We moeten terug naar de menselijke maat klinkt het. Terecht, zonder menselijke maat gaat niets, zonder is er geen samenleving. Meten met die maat vereist wel het eigen menszijn, inclusief lek en gebrek, te kunnen zien voor wat het is: (hopelijk) van goede wil, maar zeker ook gemankeerd. Met menselijke maat meten begint bij zelfreflectie, het begint ook bij kleine zaken.

Vorige week Doni naar het vliegveld gebracht en we wilden even lunchen. Alles dicht, alleen McD was open. Vooruit dan maar. Je kunt er tegenwoordig alleen nog bestellen en betalen via een machine, komt geen mens aan te pas. Bel een bedrijf of instelling met een vraag en je mag bingo spelen op je telefoon tegen een computer. Bij de supermarkt heeft aan de kassa nauwelijks iemand tijd voor een praatje. Binnenkort spreek je helemaal niemand meer, je mag dan zelf de boodschappen scannen en betalen via een apparaat. Op internet ‘communiceer’ je met een computer en wat je ook maar wilt wordt straks of morgen afgeleverd door een koerier die echt geen tijd heeft om ook maar één woord met jou te wisselen. Het menselijke verdwijnt uit het dagelijkse, we zien het gebeuren en dan? Internetgiganten wentelen de kosten van een showroom af op lokale, fysieke winkels en worden schatrijk. In het proces worden die winkels wel om zeep geholpen. We schieten onszelf in de voet of erger. Omwille van een lagere prijs en snelle service, 😂😂😂, gaan we ermee akkoord, vergetend dat het gevolg afdoet aan een menselijke samenleving en dat die lagere prijs echt maar tijdelijk is. 

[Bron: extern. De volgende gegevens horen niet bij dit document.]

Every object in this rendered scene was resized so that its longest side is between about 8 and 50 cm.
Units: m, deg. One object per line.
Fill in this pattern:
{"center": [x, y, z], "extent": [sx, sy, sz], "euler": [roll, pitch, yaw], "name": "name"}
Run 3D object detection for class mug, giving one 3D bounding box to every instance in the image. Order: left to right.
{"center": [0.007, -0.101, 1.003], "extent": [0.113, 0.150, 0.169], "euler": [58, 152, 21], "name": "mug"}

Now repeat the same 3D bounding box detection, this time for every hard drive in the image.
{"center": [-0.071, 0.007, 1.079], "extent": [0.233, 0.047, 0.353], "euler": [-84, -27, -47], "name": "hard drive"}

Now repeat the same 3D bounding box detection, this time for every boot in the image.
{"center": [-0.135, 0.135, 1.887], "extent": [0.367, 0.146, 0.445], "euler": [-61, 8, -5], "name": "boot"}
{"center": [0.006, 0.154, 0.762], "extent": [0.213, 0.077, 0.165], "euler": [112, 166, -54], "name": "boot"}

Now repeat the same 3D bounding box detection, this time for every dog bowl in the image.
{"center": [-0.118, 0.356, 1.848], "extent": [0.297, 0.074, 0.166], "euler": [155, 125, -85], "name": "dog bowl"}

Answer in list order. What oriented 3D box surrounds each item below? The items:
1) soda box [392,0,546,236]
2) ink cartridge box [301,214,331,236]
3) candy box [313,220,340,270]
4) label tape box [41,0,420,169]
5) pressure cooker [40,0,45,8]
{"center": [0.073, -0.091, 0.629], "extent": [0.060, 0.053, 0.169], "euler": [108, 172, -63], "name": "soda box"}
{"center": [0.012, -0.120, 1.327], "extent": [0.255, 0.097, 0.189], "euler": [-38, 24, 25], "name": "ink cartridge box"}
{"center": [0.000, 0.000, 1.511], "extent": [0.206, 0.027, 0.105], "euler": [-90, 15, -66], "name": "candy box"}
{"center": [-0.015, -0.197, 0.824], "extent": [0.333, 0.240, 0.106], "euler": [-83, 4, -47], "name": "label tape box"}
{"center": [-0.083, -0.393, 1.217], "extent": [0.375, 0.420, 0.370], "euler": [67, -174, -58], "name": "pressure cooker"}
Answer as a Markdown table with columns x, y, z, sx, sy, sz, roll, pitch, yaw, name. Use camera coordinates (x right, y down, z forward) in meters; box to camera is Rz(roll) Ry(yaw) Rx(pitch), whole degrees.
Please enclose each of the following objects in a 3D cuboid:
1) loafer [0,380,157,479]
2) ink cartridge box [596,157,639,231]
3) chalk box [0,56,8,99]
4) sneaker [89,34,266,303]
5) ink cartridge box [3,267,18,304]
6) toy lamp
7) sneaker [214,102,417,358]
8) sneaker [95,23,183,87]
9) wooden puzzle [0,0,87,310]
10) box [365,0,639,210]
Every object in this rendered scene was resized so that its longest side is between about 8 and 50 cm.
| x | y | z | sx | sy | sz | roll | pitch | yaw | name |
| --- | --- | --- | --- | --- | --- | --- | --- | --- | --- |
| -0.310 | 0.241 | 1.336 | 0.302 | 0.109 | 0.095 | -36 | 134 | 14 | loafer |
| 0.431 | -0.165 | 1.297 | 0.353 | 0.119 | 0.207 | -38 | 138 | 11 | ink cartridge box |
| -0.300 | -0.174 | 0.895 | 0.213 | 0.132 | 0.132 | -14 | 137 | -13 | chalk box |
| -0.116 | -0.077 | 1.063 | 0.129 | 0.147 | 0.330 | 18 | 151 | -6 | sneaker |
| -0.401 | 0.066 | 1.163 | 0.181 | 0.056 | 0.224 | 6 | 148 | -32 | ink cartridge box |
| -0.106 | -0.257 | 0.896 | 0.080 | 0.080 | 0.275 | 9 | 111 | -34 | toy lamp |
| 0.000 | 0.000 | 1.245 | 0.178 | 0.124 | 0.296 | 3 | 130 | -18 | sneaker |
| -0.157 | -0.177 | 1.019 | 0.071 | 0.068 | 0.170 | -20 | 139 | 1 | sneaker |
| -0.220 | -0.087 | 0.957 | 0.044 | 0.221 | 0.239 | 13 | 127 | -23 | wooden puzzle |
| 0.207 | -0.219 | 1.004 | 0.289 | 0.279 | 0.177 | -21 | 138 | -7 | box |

De kleine dingen. Met de grotere heb ik zelden of nooit direct te maken. Ik ben geen vluchteling of asielzoeker, ik heb kleurtje noch dubbel paspoort, woon niet in Groningen en verblijf niet Moira. Ik heb geen bijslag kinderopvang en niemand gaat me terug in zee duwen. Kortom, ik zit gebijteld, het zal mijn tijd wel uit duren. Niet dus.

Een ander de menselijke maat ontzeggen is een opmaat naar het failliet van de samenleving. Achter statistieken en cijfers, achter efficiëntie en rendement zijn empathie en zorg voor elk ander verdwenen. Ook, misschien vooral, in programma’s van politieke partijen die vaak ook de waan van de dag even ‘meenemen’. Het individu werd onzichtbaar. Niemand van ons wil dat echt, de peilingen wekken niettemin de indruk dat (te) veel kiezers (te) weinig oog hebben voor wat velen direct, en ons allen op termijn, gaat schaden.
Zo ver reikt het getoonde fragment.